Re: encoding sniffing

Philippe Verdy Mon, 14 Jul 2003 15:05:13 -0700

On Monday, July 14, 2003 10:14 PM, [EMAIL PROTECTED] <[EMAIL PROTECTED]> wrote:


> Are there any libraries out there (open-source or otherwise) that can
> be used to detect the character encoding of a file or data stream?

Yes, but these libraries actually try to detect the actual encoded
language, based on strict validity rules to discriminate first the
possible encodings, then statistic rules to try matching the
languages with their various encoded byte sequences, then with
the help of common words. The result is probabilistic, and what you
get is an ordered list of language-encoding pairs.

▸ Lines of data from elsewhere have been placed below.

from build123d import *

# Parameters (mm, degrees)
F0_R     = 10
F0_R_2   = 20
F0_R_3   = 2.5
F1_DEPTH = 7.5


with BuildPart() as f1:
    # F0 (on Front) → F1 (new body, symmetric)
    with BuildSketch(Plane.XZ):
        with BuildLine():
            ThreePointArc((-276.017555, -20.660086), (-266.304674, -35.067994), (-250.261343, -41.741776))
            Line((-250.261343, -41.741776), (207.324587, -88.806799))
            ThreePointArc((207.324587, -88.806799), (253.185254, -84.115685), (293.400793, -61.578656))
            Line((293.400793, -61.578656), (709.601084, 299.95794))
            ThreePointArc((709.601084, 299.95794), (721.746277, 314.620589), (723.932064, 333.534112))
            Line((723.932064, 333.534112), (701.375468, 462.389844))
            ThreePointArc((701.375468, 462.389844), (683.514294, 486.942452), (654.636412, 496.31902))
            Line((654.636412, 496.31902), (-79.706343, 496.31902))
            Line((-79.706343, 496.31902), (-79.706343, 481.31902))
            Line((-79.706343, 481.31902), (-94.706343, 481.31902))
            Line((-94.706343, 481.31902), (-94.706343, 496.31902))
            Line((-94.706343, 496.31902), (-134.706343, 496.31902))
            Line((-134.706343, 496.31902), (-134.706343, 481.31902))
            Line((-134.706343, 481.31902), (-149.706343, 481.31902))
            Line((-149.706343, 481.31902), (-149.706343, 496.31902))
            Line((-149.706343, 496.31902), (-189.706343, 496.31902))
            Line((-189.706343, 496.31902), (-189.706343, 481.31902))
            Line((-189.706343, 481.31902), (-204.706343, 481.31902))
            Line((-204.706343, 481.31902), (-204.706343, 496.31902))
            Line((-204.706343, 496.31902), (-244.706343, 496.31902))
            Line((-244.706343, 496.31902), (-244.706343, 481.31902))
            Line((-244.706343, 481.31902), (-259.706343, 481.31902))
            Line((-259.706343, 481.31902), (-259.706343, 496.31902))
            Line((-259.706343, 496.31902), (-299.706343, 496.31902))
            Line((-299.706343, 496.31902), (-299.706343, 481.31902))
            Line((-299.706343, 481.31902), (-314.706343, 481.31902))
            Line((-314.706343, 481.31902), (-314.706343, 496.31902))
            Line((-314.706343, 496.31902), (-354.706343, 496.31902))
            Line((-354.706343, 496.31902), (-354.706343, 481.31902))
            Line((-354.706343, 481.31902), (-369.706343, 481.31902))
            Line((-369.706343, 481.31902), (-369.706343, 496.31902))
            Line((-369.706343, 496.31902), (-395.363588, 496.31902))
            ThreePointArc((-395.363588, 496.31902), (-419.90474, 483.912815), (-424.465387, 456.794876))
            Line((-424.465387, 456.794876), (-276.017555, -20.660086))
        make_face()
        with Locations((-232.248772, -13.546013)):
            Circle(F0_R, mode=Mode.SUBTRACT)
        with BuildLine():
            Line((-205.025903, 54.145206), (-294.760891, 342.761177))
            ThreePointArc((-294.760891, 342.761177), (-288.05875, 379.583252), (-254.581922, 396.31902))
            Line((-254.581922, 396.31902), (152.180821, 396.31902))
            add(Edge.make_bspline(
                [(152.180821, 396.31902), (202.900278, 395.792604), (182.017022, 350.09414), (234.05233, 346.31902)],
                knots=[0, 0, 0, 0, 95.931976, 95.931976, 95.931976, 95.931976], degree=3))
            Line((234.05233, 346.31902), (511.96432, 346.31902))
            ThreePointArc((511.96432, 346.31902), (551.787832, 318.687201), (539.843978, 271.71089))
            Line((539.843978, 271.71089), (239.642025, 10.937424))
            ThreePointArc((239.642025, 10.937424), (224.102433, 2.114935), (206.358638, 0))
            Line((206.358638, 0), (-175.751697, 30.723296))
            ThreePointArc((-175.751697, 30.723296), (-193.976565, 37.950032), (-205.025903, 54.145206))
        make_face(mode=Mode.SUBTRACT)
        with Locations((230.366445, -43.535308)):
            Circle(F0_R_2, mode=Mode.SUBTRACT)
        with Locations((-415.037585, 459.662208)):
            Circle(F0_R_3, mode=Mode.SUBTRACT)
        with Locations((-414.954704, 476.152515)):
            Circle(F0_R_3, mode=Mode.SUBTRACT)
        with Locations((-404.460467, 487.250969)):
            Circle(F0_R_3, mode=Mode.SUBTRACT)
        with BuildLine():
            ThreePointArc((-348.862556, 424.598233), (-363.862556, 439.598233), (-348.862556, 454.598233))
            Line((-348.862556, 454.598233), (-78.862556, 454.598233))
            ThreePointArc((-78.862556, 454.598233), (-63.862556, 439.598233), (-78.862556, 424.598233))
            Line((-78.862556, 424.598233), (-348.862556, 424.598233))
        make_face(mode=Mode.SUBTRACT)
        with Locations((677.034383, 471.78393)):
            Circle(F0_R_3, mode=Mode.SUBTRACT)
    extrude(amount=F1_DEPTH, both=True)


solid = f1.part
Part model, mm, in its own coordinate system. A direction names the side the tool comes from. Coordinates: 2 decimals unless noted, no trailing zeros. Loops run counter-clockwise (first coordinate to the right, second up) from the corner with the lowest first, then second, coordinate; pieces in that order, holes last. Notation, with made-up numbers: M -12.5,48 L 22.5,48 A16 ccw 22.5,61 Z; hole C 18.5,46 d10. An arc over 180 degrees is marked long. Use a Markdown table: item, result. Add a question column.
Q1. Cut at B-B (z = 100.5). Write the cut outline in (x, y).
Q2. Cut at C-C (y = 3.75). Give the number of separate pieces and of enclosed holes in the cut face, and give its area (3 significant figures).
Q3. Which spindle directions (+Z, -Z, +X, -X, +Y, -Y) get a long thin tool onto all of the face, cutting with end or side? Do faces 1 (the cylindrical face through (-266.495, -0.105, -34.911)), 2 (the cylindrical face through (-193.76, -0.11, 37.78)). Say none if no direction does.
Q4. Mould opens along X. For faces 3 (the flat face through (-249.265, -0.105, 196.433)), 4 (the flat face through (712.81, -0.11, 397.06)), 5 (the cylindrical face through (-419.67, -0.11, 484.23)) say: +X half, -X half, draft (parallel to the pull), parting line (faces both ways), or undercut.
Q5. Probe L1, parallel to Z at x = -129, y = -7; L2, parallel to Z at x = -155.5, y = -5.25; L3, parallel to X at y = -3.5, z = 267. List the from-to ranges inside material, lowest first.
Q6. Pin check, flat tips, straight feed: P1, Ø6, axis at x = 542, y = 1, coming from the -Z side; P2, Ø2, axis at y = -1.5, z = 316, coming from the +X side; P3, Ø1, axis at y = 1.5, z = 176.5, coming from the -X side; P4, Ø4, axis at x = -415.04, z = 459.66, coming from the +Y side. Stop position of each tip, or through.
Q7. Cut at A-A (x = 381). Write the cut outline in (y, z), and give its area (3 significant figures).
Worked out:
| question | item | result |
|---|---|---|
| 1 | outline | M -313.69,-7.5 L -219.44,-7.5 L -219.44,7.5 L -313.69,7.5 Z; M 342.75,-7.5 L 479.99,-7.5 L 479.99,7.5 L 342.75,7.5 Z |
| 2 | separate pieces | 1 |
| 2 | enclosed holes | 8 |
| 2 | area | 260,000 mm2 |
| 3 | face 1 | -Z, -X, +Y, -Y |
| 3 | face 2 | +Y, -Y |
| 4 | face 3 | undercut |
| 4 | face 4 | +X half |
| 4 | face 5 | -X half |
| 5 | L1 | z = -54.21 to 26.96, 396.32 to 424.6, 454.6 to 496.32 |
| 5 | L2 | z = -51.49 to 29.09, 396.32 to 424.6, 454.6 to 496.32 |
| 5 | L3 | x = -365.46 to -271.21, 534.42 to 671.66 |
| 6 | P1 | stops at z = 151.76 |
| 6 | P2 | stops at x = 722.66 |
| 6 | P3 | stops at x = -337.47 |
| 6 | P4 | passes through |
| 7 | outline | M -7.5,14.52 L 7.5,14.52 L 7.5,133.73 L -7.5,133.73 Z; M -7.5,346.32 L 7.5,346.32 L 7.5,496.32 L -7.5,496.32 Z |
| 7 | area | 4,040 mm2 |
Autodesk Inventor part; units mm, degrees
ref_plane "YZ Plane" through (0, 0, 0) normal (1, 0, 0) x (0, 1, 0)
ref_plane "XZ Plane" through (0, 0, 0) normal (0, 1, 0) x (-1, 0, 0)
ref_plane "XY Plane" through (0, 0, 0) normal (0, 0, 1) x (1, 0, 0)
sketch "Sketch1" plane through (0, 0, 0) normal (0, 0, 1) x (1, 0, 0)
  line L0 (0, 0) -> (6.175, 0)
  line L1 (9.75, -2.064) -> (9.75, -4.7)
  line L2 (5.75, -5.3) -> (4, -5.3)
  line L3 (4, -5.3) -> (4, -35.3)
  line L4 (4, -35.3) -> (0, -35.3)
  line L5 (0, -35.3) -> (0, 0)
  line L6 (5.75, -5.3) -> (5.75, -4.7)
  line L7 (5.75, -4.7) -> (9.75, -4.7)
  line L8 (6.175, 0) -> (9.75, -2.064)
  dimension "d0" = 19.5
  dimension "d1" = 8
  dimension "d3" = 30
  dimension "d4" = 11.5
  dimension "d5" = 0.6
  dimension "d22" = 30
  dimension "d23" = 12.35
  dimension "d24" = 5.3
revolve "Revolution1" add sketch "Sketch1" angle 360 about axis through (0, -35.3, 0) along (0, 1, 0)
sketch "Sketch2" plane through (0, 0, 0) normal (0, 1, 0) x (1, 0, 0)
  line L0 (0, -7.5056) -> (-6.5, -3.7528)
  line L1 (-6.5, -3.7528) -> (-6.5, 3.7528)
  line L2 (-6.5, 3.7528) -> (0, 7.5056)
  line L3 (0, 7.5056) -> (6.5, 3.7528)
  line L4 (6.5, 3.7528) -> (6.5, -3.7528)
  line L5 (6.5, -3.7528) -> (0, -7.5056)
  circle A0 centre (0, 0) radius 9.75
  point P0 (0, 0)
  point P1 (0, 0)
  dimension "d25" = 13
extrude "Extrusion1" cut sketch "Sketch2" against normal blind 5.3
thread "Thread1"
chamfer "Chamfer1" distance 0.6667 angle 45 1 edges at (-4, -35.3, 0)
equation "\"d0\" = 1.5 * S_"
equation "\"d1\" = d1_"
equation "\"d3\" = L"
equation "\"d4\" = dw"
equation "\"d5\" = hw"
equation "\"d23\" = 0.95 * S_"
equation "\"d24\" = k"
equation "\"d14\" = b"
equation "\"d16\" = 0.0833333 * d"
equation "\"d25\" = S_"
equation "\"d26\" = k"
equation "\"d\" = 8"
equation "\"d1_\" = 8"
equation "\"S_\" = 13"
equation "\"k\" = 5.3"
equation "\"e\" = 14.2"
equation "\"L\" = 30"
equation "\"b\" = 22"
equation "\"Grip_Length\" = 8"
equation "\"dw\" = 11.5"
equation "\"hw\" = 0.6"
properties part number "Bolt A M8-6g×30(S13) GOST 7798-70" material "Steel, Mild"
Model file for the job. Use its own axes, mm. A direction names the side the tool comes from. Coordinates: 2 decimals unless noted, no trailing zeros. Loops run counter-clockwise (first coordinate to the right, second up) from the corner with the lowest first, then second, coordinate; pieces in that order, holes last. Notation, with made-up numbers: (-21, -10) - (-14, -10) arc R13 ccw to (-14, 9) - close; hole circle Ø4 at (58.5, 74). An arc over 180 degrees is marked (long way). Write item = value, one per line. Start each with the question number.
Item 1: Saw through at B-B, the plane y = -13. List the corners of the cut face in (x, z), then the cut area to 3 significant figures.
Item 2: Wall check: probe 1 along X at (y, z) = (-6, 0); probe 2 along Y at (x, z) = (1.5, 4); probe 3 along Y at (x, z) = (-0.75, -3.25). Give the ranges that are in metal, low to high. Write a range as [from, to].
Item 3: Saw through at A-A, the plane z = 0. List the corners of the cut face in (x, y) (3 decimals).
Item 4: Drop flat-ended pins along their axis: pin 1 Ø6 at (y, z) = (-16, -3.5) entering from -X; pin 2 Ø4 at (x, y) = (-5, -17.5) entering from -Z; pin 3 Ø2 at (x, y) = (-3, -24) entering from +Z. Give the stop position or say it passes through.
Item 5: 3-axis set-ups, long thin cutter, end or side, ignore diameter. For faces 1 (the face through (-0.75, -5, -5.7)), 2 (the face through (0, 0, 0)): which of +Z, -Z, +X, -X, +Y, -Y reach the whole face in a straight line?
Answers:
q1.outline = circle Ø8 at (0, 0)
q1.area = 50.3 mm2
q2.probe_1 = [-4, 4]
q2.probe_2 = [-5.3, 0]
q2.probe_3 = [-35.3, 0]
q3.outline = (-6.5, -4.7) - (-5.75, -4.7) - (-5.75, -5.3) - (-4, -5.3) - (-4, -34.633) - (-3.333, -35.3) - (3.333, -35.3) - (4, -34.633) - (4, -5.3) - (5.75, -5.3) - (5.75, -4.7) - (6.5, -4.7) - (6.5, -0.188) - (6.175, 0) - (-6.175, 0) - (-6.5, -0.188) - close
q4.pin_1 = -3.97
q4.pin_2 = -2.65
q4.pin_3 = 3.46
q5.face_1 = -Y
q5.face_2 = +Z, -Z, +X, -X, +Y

There are many
cases where the final decision is ambiguous, so this may be tuned
by the reader.

Simple algorithms are used in Internet Explorer for its "auto-
determined" mode, but it often fails and detects a Chinese
text encoded with EUC-CN or UTF-7, when in fact it is just plain
English coded with ASCII. This failure occurs with Chinese
simply because there is no actual dictionnary to try matching the
common ideographs often used in Chinese text (notably its
ideographic punctuation and square spaces).

However pure statistic rules often works to detect only the
encoding (but with no guarantee).

I don't use Mozilla, but it may have such a mode for the detection
of the actual encoding; if so it should be in its sources (I did not
check).

-- 
Philippe.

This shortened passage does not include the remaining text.